Tests and monitoring: know when you’ve been detected
A good habit is to keep a short checklist for “Is my VPN being fingerprinted?”. Slow page loads on obfuscated servers, sudden forced reCAPTCHA, repeated identity prompts, or sudden failure to reach the same endpoints you used yesterday are signals. If you see them frequently, change provider or switch to a different circumvention layer (Tor bridges, proxy chain, etc.).
Risk matrix - what a VPN protects you from and what it doesn’t
Protects from: Casual ISP logging, simple IP blocks, and opportunistic snooping by cafes/guest networks.
Doesn’t protect from (by itself): Site-level account linkage (your login, cookies, or browser fingerprint), endpoint compromise, or legal processes that compel providers to hand over records (unless they truly can’t because of no-logs + jurisdiction). Combine VPN use with good fingerprint resistance and OPSEC>
When to stop relying on just a VPN
If your ISP or the regulator is selectively blocking all obfuscated VPN traffic (and they can, it happens), treat a VPN as one layer in a stack, not the stack. When that day comes, move horizontally: Tor bridges, proxy chains, or decentralized mirrors become the next options.
Testing checklist
Before you rely on a setup:
- Confirm the provider supports a “stealth/obfuscation” mode.
- Confirm split-tunneling and custom port options exist (if you need them).
- Check the provider’s transparency page or recent audit.

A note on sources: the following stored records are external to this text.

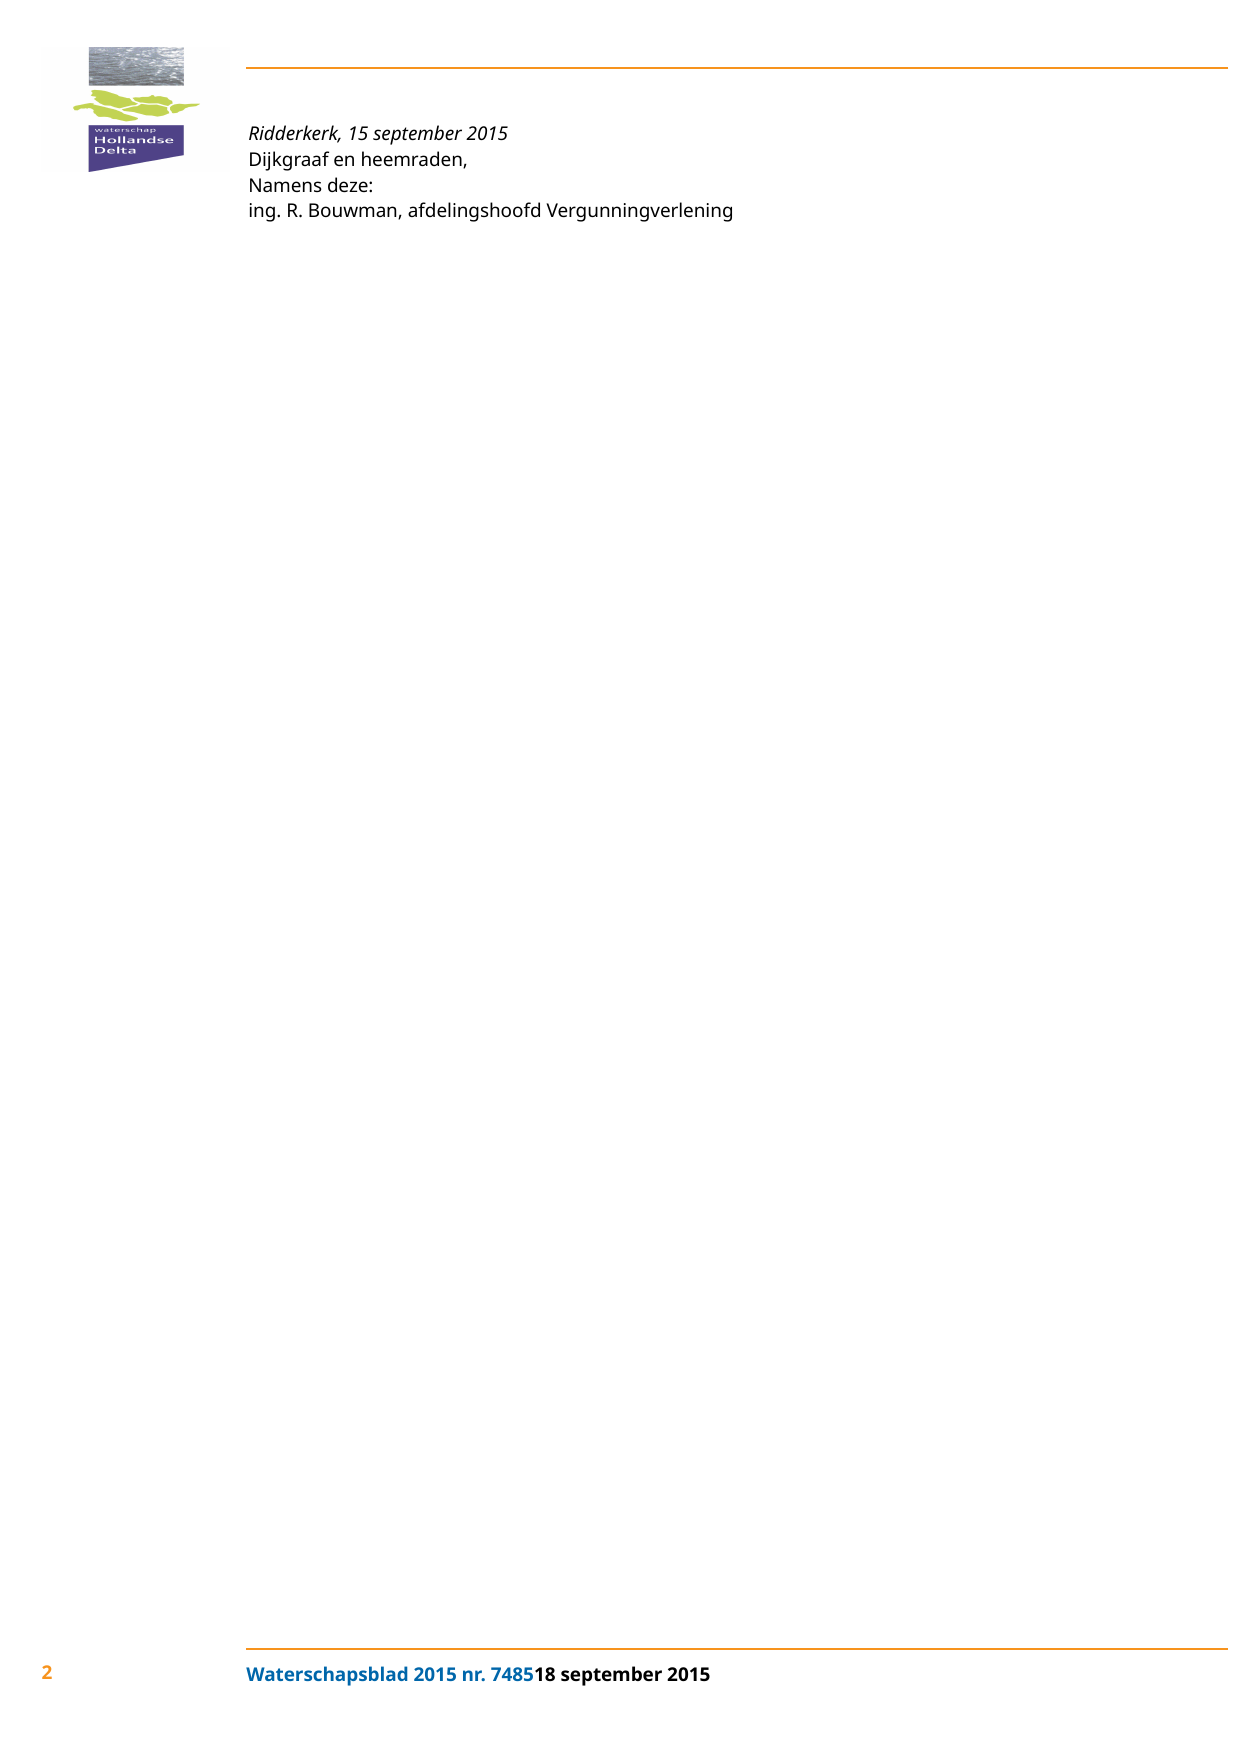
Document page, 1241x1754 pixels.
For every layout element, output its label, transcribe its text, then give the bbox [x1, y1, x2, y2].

text Dijkgraaf en heemraden, [248, 146, 1152, 172]
picture [41, 47, 231, 172]
text Ridderkerk, 15 september 2015 [248, 121, 1152, 146]
text ing. R. Bouwman, afdelingshoofd Vergunningverlening [248, 198, 1152, 223]
text Namens deze: [248, 172, 1152, 198]
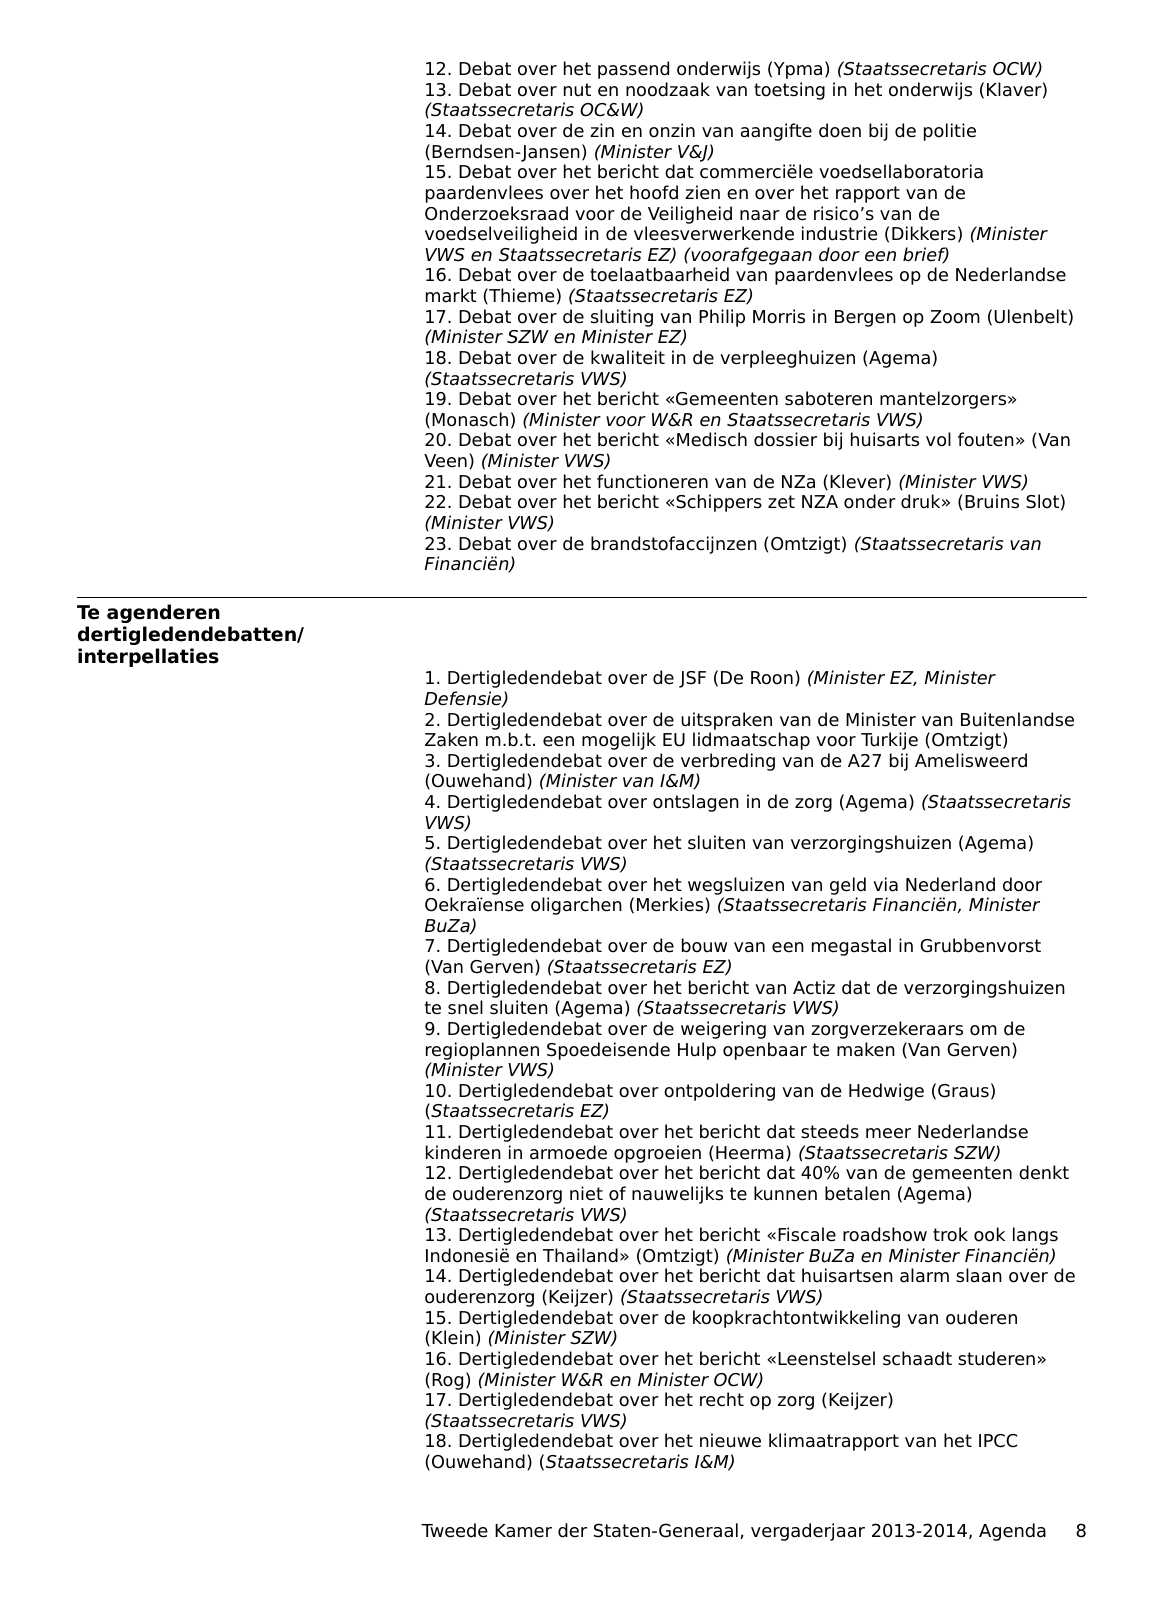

- Run a basic leak test from a privacy test page (DNS leaks, WebRTC leaks). If leaks show, fix or change the setup.
Legal and ethical note
Circumvention exists in a gray zone. In some jurisdictions, aggressive evasion tactics can draw legal risk. If you’re advising others publicly, couch operational advice with clear warnings and suggest legal alternatives when available (advocacy, legal challenges, contacting elected officials, supporting digital-rights groups). At the same time, practical privacy measures for everyday life (avoiding data-sucking free Wi-Fi, using a reputable VPN for general privacy) are reasonable, proportionate steps that many people take to reduce surveillance.
Bottom line
VPNs aren’t a fetish. They’re a tool. Use one that respects privacy, configure it intelligently, and always treat it as one layer of a defense.